Along with director Jonathan Hensleigh and Avi Arad, Jane has said he was the first and only actor to be asked to play the title role in the film The Punisher (2004). He turned down the role twice, as he did not have much interest in the superhero genre. When they asked him the second time to play the Punisher,  Tim Bradstreet's artwork of the character secured his interest. After finding out that the character was not a traditional superhero, but more of an antihero and a vigilante crime fighter, he accepted, became a fan, then trained for several months with Navy SEALs, gaining more than  of muscle.

In addition to starring in the film, he contributed his voice to the video games The Punisher and Gun. He also co-owns RAW, an entertainment company which he runs with Steve Niles and Tim Bradstreet. RAW Studios, the company's comic-book division, released Bad Planet (written by Jane) through Image Comics. Jane became a spokesperson for Niles and the cover model for comic-book character Cal McDonald in 2006. In addition to his screen work, Jane has appeared several times on stage, and received strong critical reviews as Tom in Tennessee Williams' The Glass Menagerie, and as Chris in Arthur Miller's All My Sons. He has also portrayed a fictionalized version of himself in an episode of the television series Arrested Development.

Jane did not return in the planned sequel to The Punisher. Lions Gate Entertainment had approved a direct sequel due to the strong sales of the film on DVD. However, the project lingered in development for over three years. Jonathan Hensleigh completed a first draft of the script before leaving the project in 2006. John Dahl was in talks to direct the film, but cited his dislike of the script and the reduced budget as his reasons for refusing. In a statement on May 15, 2007, and in two audio interviews, Jane said that he pulled out of the project due to creative differences and the studio's further reduction of the budget.

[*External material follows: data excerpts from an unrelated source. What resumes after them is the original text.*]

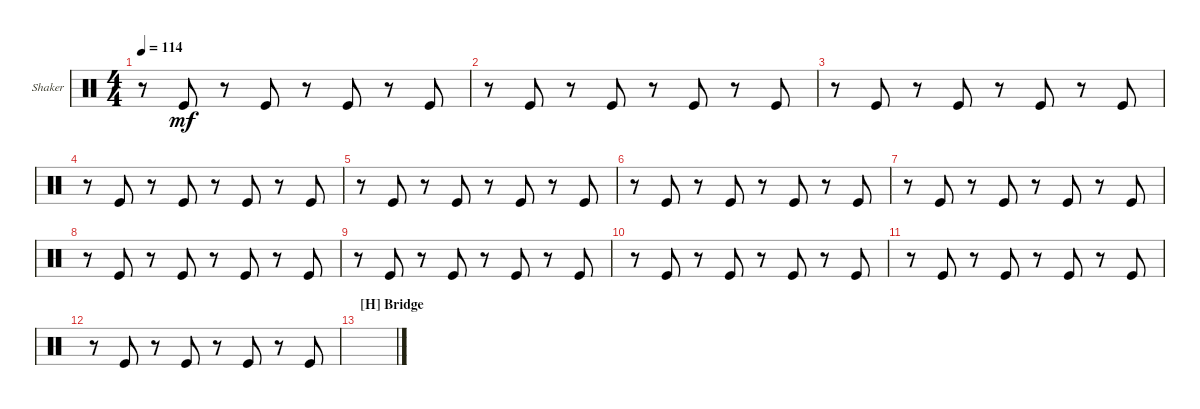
\defaultSystemsLayout 4
\bracketExtendMode groupsimilarinstruments
\firstSystemTrackNameOrientation horizontal
\otherSystemsTrackNameOrientation horizontal
\track ("Shaker" "Shaker") {instrument percussion}
\staff {score}
\articulation defaults
\ts (4 4)
\tempo 114
\clef neutral
\ks c
r.8{dy mf} "Kick (hit)".8 r.8 "Kick (hit)".8 r.8 "Kick (hit)".8 r.8 "Kick (hit)".8 |
r.8 "Kick (hit)".8 r.8 "Kick (hit)".8 r.8 "Kick (hit)".8 r.8 "Kick (hit)".8 |
r.8 "Kick (hit)".8 r.8 "Kick (hit)".8 r.8 "Kick (hit)".8 r.8 "Kick (hit)".8 |
r.8 "Kick (hit)".8 r.8 "Kick (hit)".8 r.8 "Kick (hit)".8 r.8 "Kick (hit)".8 |
r.8 "Kick (hit)".8 r.8 "Kick (hit)".8 r.8 "Kick (hit)".8 r.8 "Kick (hit)".8 |
r.8 "Kick (hit)".8 r.8 "Kick (hit)".8 r.8 "Kick (hit)".8 r.8 "Kick (hit)".8 |
r.8 "Kick (hit)".8 r.8 "Kick (hit)".8 r.8 "Kick (hit)".8 r.8 "Kick (hit)".8 |
r.8 "Kick (hit)".8 r.8 "Kick (hit)".8 r.8 "Kick (hit)".8 r.8 "Kick (hit)".8 |
r.8 "Kick (hit)".8 r.8 "Kick (hit)".8 r.8 "Kick (hit)".8 r.8 "Kick (hit)".8 |
r.8 "Kick (hit)".8 r.8 "Kick (hit)".8 r.8 "Kick (hit)".8 r.8 "Kick (hit)".8 |
r.8 "Kick (hit)".8 r.8 "Kick (hit)".8 r.8 "Kick (hit)".8 r.8 "Kick (hit)".8 |
r.8 "Kick (hit)".8 r.8 "Kick (hit)".8 r.8 "Kick (hit)".8 r.8 "Kick (hit)".8 |
\section ("H" "Bridge")

Jane said in June 2007 that Zack Snyder had expressed interest in casting him for the role of the Comedian for the adaptation of Alan Moore's graphic novel Watchmen, but because he was too busy, he turned down the role, which was eventually given to Jeffrey Dean Morgan. The same year he starred in Frank Darabont's adaptation of the Stephen King novella, The Mist. His directorial debut was the 2009 film Dark Country, in which he also played the main character. In 2009, Jane starred with Ving Rhames in the crime film Give 'Em Hell, Malone, which premiered at San Diego Comic Con.

On December 18, 2008, HBO announced it was picking up the black comedy Hung, and Jane was contracted to star in the show. He plays the character of Ray Drecker, a high-school history teacher and basketball coach, who after attending a self-help class while being down on his luck, decides to market the large size of his penis as a path to success. The series was renewed for a second season, which aired in the summer of 2010. The show was renewed for a final season, which aired in fall of 2011.

Jane appeared on the June/July 2010 cover of Men's Fitness magazine. He voiced the character Jonah Hex in an animated short as a companion piece on the Special Edition Blu-ray and two-disc Special Edition DVD release of Batman: Under the Red Hood.

Jane had been set to play the role of a cop in Sylvester Stallone's hitman action film Headshot, but was eventually deemed not "ethnic" enough and let go. In a 2011 interview with Collider, Jane mentioned an upcoming film project, The Lycan. He described this project as a gothic werewolf romance set in a castle in the 18th century.

On June 7, 2012, Jane released a digital EP, Don't Come Home, under the pseudonym Rusty Blades. At the 2012 San Diego Comic-Con International, Jane debuted an independently financed Punisher short film, Dirty Laundry, directed by Phil Joanou and co-starring Ron Perlman.

On February 1, 2017, Syfy began a two-episode debut of the second season of its critically acclaimed "murder mystery in space", The Expanse. Jane portrays the lead role of Detective Joe Miller in this futuristic saga, in which humans have colonized both Mars and the Asteroid Belt, and discover an alien lifeform. The series premiered December 2015, and continued through six seasons, with Jane appearing in the first four of them.

Jane co-starred in Shane Black's The Predator (2018), a direct sequel to the 1987 film Predator and the 1990 film Predator 2.

Personal life 
In 1989, Jane married actress Ayesha Hauer, daughter of Rutger Hauer. The couple starred in a number of films together before they divorced in 1995. They have a son, Leandro Maeder, born on December 14, 1987.

Jane was engaged to Olivia d'Abo from 1998 to 2001. 

After meeting through common friends in 2001, Jane and actress Patricia Arquette became engaged in 2002. Their daughter, Harlow Olivia Calliope, was born on February 20, 2003. Jane and Arquette subsequently married on June 25, 2006, at the Palazzo Contarini del Bovolo in Venice, Italy.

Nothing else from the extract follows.